Heightened security around nuclear missile silos, including at Minot AFB, remains critical to keeping these sites safe from potential armed intruders. Airmen attached to the 91st TRF play a significant role to this end, and receive specialist training on how to handle potential incidents like the one simulated on April 28.
“TRF is like the tactical commander’s SWAT team if compared to civilian law enforcement,” Col. Chad Gallagher, then-commander of the 91st Security Forces Group, noted in an interview back in 2018. “They get additional training, have more capabilities and a better sense of teamwork as a small unit. If a unit [in the missile field] faces a force that they can’t handle themselves, they call in TRF.”

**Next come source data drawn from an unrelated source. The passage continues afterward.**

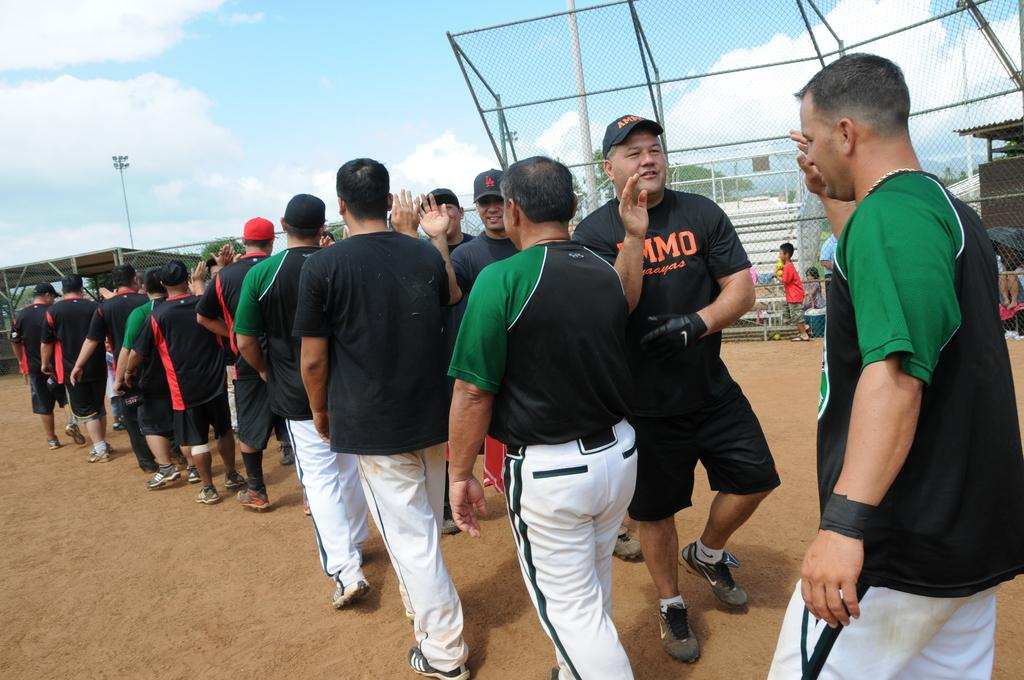<image>
Describe the image concisely. Some baseball players shaking hands, one with a shirt on it that says MMO. 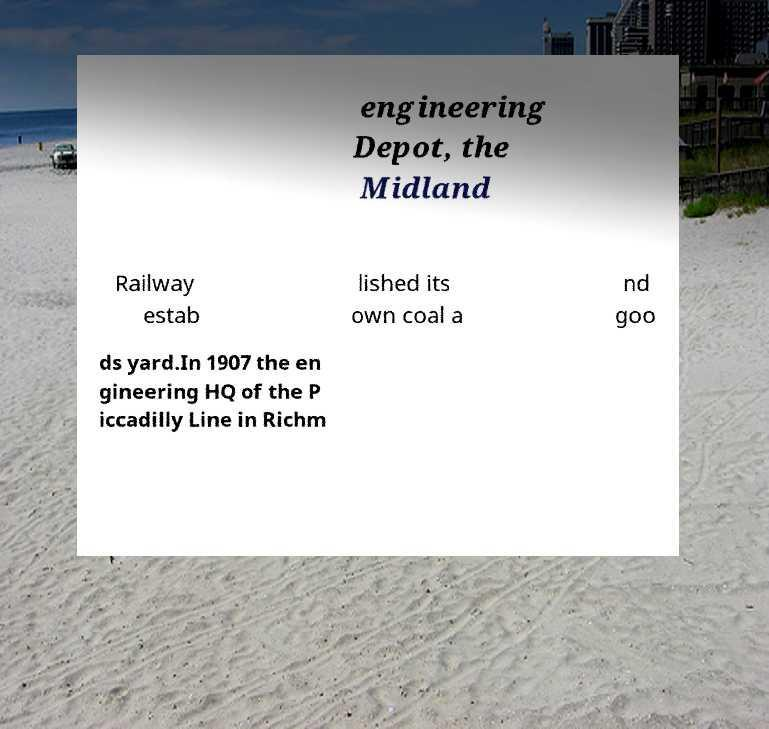For documentation purposes, I need the text within this image transcribed. Could you provide that? engineering Depot, the Midland Railway estab lished its own coal a nd goo ds yard.In 1907 the en gineering HQ of the P iccadilly Line in Richm 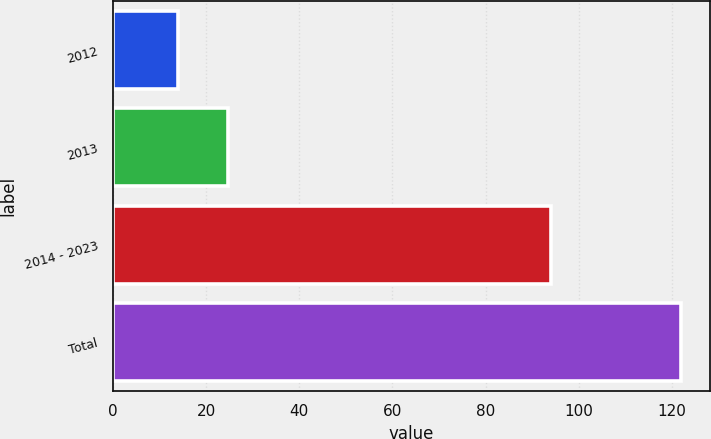Convert chart to OTSL. <chart><loc_0><loc_0><loc_500><loc_500><bar_chart><fcel>2012<fcel>2013<fcel>2014 - 2023<fcel>Total<nl><fcel>14<fcel>24.8<fcel>94<fcel>122<nl></chart> 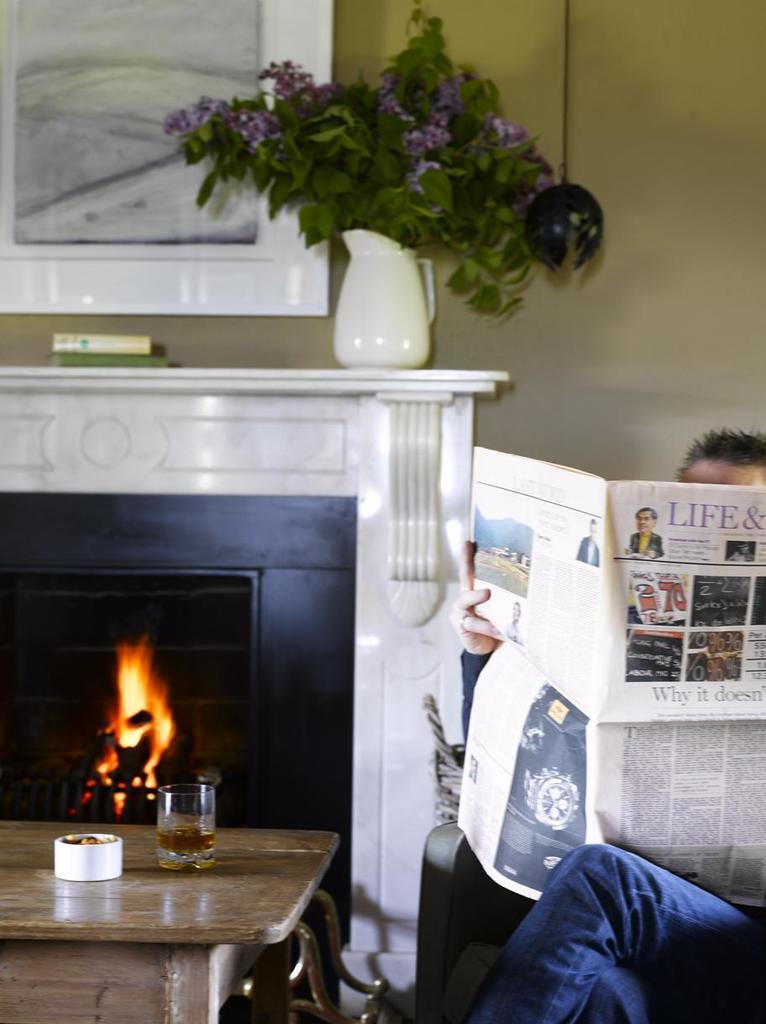In one or two sentences, can you explain what this image depicts? Here we can see a person sitting on the chair and holding a paper. This is a table. On the table there is a glass and an object. Here we can see a wooden oven, flower vase, and a frame. In the background we can see a wall.

Alongside extensive training on the defense of missile silos, as well as training on how to recapture and recover them from armed assailants, the unit also conducts training on escorting nuclear convoys to and from launch facilities using various armed vehicles. It’s likely that, along with Air Force units more broadly, airmen with the 91st TRF will soon be getting their hands on new JLTVs which could supplement or supplant their existing Humvees in training and other operations.
Moreover, with silo-based ICBMs set to be a core component of the USAF and the U.S. nuclear deterrent arsenal for the foreseeable future, the need to defend them with the latest technologies remains critical. As The War Zone has noted, the LGM-30G Minuteman III – first introduced in 1970 and the only land-based ICBM in service in the U.S. – is in the process of being modernized and will eventually be replaced by new LGM-35A Sentinel ICBMs. Indeed, while the Air Force has explored alternatives to traditional nuclear missile silos as of late – such as basing missiles in tunnels or at the bottom of deep lakes – the service has ultimately opted to retain its ground-based silos when it introduces new Sentinal ICBMs.
With that said, the 91st TRF performs an essential duty in providing security to Minot AFB’s nuclear missile silos – and will likely continue to do so in the years to come.